Он самый, доктор. Чучело-доктор с мешковиной на шее – вместо шарфа, с лохматыми ногами. Старик доктор Михайла Васильич – по белому зонтику признаешь. Правда, зонтик теперь не совсем белый, в заплатках из дерюжки – но все же зонтик. И за нищего не сойдет доктор: в пенсне – и нищий! Впрочем, что теперь не возможно?!
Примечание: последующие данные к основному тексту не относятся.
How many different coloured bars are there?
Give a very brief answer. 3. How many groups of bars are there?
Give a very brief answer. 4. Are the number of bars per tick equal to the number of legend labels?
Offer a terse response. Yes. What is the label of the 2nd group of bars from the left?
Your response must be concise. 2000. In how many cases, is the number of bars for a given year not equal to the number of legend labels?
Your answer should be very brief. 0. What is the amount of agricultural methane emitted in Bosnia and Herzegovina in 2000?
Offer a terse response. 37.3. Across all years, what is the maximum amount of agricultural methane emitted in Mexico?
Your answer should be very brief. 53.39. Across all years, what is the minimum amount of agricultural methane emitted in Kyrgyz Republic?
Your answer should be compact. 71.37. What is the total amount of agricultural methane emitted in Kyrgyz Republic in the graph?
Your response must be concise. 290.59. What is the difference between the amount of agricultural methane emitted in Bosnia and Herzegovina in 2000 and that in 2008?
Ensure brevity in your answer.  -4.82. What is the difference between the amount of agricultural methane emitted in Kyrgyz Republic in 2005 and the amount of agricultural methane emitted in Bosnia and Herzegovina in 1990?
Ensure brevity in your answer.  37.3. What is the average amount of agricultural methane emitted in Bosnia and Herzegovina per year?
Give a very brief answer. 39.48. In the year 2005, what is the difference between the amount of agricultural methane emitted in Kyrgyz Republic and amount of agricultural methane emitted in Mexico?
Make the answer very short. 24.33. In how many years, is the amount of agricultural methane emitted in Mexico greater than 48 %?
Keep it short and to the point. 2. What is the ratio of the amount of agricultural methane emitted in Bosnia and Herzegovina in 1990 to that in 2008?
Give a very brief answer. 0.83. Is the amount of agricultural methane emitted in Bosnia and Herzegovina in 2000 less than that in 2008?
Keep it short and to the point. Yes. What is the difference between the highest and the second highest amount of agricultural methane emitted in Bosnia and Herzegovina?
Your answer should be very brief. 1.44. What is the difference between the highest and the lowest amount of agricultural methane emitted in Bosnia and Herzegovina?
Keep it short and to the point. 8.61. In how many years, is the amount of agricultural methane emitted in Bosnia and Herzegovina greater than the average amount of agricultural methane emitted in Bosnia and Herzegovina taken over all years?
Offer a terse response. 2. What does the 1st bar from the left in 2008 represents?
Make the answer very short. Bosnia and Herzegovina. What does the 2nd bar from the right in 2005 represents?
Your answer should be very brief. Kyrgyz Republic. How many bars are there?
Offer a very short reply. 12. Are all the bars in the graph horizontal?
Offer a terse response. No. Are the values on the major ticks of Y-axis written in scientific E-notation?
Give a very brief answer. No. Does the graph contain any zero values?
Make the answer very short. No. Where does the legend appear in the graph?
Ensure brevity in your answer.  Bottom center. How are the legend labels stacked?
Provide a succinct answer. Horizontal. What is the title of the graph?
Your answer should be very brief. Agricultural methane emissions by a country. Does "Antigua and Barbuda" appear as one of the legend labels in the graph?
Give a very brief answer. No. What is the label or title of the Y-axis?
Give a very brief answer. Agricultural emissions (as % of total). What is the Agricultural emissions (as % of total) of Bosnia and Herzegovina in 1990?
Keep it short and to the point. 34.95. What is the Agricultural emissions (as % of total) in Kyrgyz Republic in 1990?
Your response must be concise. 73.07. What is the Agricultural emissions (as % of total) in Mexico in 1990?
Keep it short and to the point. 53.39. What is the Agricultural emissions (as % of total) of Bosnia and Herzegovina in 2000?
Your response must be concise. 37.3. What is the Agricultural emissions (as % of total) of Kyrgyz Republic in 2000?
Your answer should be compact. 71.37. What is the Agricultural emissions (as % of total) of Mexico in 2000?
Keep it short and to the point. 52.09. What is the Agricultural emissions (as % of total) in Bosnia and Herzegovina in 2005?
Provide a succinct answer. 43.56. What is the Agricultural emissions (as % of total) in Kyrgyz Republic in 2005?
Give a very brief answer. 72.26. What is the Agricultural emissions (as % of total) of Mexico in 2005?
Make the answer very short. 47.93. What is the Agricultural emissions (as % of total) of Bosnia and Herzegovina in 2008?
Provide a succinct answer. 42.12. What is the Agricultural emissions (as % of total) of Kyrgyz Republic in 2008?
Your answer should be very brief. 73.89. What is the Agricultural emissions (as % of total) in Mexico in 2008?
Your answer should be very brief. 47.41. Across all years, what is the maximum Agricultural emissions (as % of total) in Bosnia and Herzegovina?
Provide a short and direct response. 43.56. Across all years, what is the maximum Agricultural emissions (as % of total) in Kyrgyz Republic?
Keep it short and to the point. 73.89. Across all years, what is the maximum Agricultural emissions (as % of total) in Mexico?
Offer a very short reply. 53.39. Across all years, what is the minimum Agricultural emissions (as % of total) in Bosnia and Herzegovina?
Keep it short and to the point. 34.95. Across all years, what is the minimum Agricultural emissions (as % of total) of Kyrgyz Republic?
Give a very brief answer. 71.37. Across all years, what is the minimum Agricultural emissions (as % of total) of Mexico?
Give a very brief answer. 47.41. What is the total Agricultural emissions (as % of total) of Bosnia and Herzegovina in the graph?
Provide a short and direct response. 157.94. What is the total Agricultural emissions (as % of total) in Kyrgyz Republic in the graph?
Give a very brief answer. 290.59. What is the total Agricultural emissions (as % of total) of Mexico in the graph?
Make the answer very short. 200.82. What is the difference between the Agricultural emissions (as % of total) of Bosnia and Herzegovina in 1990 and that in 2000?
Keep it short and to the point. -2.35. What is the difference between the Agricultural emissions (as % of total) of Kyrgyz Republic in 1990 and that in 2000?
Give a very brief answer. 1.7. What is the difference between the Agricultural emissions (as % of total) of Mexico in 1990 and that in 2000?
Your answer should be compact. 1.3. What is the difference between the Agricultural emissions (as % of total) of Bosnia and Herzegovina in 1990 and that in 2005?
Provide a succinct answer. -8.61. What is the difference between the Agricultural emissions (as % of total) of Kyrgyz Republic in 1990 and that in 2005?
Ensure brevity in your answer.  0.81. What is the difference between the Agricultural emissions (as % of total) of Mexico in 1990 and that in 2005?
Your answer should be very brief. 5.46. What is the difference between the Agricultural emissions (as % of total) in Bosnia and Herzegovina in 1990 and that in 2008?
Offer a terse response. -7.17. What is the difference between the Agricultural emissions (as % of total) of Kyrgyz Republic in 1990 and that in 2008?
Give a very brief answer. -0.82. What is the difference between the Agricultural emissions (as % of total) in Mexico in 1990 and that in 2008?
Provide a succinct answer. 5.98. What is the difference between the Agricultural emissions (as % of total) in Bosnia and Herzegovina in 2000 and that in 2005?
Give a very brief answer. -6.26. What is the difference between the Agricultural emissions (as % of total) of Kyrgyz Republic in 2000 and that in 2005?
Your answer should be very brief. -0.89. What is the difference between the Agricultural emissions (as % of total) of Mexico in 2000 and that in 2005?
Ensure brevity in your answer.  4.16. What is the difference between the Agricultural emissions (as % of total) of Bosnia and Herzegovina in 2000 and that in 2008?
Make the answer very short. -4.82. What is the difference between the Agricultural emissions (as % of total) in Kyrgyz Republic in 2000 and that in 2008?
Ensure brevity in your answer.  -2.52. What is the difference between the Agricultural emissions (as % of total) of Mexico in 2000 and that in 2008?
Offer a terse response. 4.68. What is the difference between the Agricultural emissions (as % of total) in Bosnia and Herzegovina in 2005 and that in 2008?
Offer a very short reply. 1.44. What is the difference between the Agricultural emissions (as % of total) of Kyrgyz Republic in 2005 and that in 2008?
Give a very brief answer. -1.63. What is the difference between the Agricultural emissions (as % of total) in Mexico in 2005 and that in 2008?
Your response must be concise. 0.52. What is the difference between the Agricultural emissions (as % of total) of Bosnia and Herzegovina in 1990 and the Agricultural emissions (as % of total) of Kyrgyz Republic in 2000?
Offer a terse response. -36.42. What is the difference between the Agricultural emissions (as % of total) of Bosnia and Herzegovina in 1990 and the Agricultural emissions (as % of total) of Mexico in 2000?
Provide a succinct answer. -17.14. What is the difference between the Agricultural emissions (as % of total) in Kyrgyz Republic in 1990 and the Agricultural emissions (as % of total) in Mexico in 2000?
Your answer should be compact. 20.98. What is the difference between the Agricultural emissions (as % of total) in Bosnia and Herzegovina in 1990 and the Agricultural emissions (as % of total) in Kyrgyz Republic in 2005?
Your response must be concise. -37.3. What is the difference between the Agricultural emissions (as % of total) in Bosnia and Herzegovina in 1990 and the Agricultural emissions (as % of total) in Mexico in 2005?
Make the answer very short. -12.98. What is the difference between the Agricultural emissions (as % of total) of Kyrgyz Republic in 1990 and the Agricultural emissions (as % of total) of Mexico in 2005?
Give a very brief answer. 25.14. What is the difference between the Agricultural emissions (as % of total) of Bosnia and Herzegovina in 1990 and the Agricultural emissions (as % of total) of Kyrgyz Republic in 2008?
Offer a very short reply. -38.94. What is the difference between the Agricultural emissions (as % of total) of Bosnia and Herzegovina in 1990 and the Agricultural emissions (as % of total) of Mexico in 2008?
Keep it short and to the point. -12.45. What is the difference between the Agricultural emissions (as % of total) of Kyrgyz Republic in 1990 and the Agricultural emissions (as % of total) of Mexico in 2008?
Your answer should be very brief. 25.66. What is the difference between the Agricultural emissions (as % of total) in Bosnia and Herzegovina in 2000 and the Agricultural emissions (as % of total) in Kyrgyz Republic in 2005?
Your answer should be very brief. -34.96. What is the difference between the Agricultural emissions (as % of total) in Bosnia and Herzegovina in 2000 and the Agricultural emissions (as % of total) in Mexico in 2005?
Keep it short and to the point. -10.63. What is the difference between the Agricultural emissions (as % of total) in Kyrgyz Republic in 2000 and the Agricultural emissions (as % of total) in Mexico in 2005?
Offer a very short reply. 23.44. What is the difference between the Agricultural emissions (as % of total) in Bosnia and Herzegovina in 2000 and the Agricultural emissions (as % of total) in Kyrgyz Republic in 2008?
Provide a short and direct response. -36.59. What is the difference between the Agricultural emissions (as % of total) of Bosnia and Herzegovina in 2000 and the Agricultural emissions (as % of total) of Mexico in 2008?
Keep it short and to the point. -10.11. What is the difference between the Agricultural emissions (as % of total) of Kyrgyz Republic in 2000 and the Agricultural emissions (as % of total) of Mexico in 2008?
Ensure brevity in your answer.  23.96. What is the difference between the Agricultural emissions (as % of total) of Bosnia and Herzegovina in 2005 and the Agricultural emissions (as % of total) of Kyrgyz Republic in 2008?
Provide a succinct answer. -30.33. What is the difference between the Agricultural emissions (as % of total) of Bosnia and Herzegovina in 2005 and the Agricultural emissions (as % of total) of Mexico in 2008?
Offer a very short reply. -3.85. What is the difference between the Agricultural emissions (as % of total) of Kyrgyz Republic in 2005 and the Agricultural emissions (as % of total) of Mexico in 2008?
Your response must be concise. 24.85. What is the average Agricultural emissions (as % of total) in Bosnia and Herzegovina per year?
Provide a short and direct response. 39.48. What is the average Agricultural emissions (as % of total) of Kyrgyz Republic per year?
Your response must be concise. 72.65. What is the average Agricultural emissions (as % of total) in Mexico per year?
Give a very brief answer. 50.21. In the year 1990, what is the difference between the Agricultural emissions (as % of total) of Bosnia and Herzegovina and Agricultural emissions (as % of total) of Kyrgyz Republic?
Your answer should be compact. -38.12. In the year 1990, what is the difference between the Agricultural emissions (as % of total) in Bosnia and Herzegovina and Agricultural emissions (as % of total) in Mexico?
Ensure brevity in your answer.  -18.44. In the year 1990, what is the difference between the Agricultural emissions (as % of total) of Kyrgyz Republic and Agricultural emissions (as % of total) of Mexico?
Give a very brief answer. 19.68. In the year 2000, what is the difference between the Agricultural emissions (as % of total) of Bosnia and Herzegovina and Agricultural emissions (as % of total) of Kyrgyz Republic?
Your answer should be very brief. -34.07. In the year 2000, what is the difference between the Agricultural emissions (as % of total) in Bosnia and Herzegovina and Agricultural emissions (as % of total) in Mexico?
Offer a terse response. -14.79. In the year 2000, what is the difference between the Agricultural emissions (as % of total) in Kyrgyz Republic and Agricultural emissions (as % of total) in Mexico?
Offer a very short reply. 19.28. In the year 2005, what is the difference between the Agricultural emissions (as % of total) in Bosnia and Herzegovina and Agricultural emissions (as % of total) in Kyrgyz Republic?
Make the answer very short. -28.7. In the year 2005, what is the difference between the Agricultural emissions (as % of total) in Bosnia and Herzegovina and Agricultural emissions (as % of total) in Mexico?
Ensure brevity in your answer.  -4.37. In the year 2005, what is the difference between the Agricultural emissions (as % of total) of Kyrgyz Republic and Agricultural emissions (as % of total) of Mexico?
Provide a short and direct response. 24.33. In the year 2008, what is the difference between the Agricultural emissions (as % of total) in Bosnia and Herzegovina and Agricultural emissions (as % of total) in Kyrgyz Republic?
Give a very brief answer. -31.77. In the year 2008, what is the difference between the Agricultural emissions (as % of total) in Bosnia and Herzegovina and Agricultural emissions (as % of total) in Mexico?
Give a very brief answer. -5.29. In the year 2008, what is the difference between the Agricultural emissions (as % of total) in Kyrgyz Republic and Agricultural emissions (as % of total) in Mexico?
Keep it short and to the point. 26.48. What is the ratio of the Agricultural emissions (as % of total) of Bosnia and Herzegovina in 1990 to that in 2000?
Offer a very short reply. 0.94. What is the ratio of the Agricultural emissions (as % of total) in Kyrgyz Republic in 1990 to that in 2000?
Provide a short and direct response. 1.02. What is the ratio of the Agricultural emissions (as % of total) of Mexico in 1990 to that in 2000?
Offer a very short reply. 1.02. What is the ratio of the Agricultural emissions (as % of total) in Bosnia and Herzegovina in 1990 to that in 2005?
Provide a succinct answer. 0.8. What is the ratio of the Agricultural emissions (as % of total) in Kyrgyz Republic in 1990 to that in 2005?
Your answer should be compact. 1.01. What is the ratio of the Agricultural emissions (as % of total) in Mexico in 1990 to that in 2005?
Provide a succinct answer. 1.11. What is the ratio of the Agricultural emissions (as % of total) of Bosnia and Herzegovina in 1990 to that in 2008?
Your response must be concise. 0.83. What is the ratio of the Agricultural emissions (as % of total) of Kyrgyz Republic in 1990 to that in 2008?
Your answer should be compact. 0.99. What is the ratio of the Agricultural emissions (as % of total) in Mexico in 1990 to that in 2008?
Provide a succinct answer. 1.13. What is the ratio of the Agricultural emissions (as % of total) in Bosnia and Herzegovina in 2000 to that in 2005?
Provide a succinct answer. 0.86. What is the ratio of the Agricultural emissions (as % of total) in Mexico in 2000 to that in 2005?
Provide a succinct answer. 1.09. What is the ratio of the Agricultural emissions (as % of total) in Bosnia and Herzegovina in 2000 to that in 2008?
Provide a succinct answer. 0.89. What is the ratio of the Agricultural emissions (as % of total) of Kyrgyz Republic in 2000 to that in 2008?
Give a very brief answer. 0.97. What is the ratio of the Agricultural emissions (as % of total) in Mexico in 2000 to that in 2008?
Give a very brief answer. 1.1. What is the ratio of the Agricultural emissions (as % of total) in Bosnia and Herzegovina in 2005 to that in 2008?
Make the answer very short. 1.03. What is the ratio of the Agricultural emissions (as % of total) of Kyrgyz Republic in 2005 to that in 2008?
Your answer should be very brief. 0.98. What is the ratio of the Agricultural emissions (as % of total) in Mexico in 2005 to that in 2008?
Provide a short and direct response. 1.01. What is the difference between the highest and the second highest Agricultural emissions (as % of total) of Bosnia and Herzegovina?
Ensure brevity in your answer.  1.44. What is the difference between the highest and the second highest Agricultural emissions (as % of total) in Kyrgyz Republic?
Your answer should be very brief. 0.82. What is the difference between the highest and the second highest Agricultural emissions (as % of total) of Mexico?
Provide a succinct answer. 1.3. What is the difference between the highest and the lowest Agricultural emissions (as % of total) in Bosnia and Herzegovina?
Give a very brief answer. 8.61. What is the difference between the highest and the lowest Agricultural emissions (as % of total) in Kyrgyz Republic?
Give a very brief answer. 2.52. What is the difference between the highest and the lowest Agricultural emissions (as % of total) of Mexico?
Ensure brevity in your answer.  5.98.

Да, доктор. Только не тот старичок доктор, у которого индюшка расколотила чашку, – тот на самом тычке живет, повыше, – а другой, нижний доктор, из садов миндальных. Чудесные у него сады были! Жил он десятки лет в миндальных своих садах, жил одиноко, глухо, со старухой нянькой, с женой и сыном. Химией занимался, вегетарианил, опыты питания над собой и семьей делал. Чудак был доктор.

– А, доктор!..

– Добрый день. Вот и к вам, с визитом. Хорошо здесь у вас, высоко… далеко… не слышно…

– А чего слушать?..

– Мне доводится-таки слушать… матросики у меня соседи, с морского пункта, за морем наблюдают. Ну, и… приходится слушать всякие по-этические разговоры, эту самую «словесность». Да, язык наш очень бо-гатый, звучный… Как у вас тихо! никаких таких звуков, в стороне от большой дороги. Да у вас прямо молиться можно! Горы да море… да небо…

– Есть и у нас звуки и… знаки. Прошу, доктор!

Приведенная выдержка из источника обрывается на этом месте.